Exiting the fund’s LP may not be a simple solution
Generally, when an investor is identified as being sanctioned, the parties are prohibited from dealing with both the property of the sanctioned investor and with the sanctioned investor himself. Allowing funds to flow to or from a sanctioned LP without proper blocking would almost certainly be a violation; sign a new agreement that is countersigned by a sanctioned LP? whether to take the LP out of the fund or for other purposes? may also be prohibited unless an appropriate license is granted. Obtaining such an OFAC license can be a long and expensive exercise. There is also uncertainty as to whether it would be granted.
Further, sanctions laws would generally not require a fund to leave a sanctioned investor; sanctions laws generally prohibit only new transactions and require the blocking and reporting of sanctioned interests. Thus, a fund and its lenders may take the position that exiting a sanctioned investor, rather than simply locking in the investor’s ownership, goes beyond what is required by law and thus incurs risk. reputation for the fund.
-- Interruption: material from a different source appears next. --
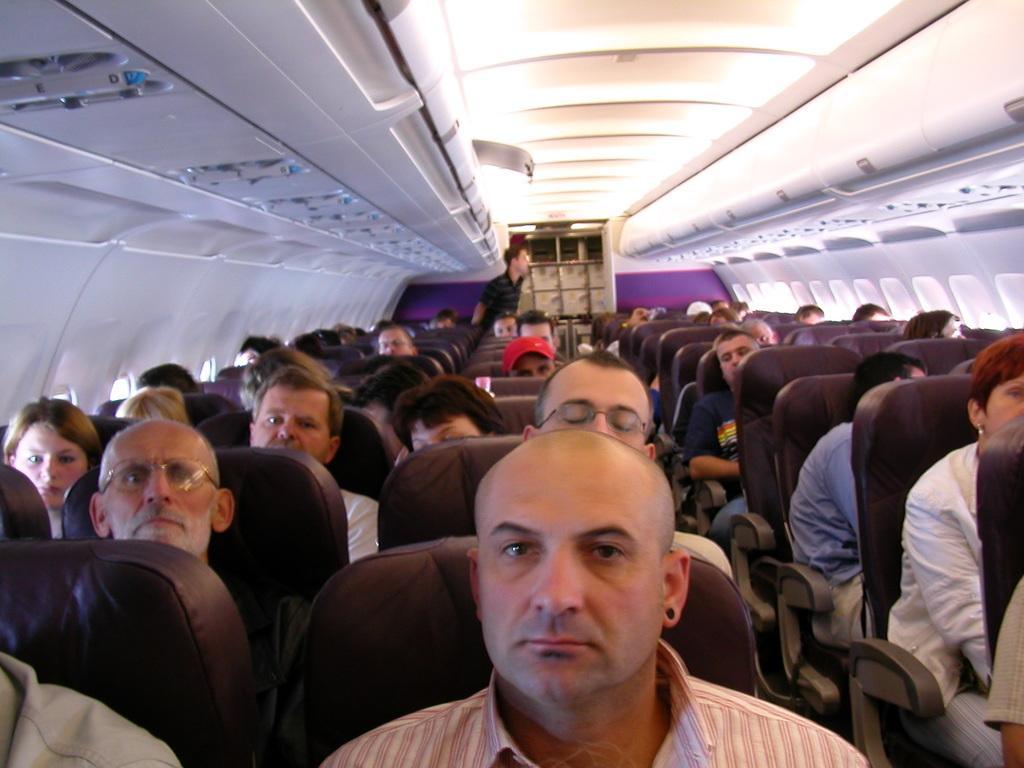Describe this image in one or two sentences. In this picture there is an inside view of the aircraft cabin. In the front there are some public sitting on the seat and looking to the camera. On the top we can see the lights in the cabin ceiling. 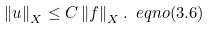<formula> <loc_0><loc_0><loc_500><loc_500>\left \| u \right \| _ { X } \leq C \left \| f \right \| _ { X } . \ e q n o ( 3 . 6 )</formula>

Some fundraising lenders are moving forward with conditional waivers
Under a typical fundraising credit agreement, the presence of an investor who is a sanctioned person is an exclusion event that results in the removal of the LP in question from the borrowing base. Generally, at the time of each drawing, a borrower must make a statement that neither he nor any of his investors is a sanctioned person or otherwise subject to sanctions. But when the LP of a fund is actually subject to sanctions, the borrower cannot make this declaration and the fund, by effect of contract, is unable to borrow. Lenders and borrowers have explored how to approach this scenario.
As noted above, exiting the sanctioned LP from the fund is far from straightforward. One solution the parties use is a waiver process. For example, the agent and the lender(s) may agree to waive a default under the credit agreement due to the failure of the borrower to make the required declaration regarding a particular sanctioned limited partnership. . The waiver is granted on the condition that the fund and the other parties to the credit agreement undertake to take appropriate, often carefully specified, measures, such as blocking all property connected with the sanctioned LP, to ensure that all the parties remain in compliance with the sanctions laws. . These disclaimers are specific to each transaction and party and, depending on the facts and circumstances and the risk tolerance of the different parties, can be quite complex. Nevertheless, with the advice of an attorney, some lenders may determine that such a waiver process provides a reasonable avenue when a borrower’s limited partnership is under sanction.
The content of this article is intended to provide a general guide on the subject. Specialist advice should be sought regarding your particular situation.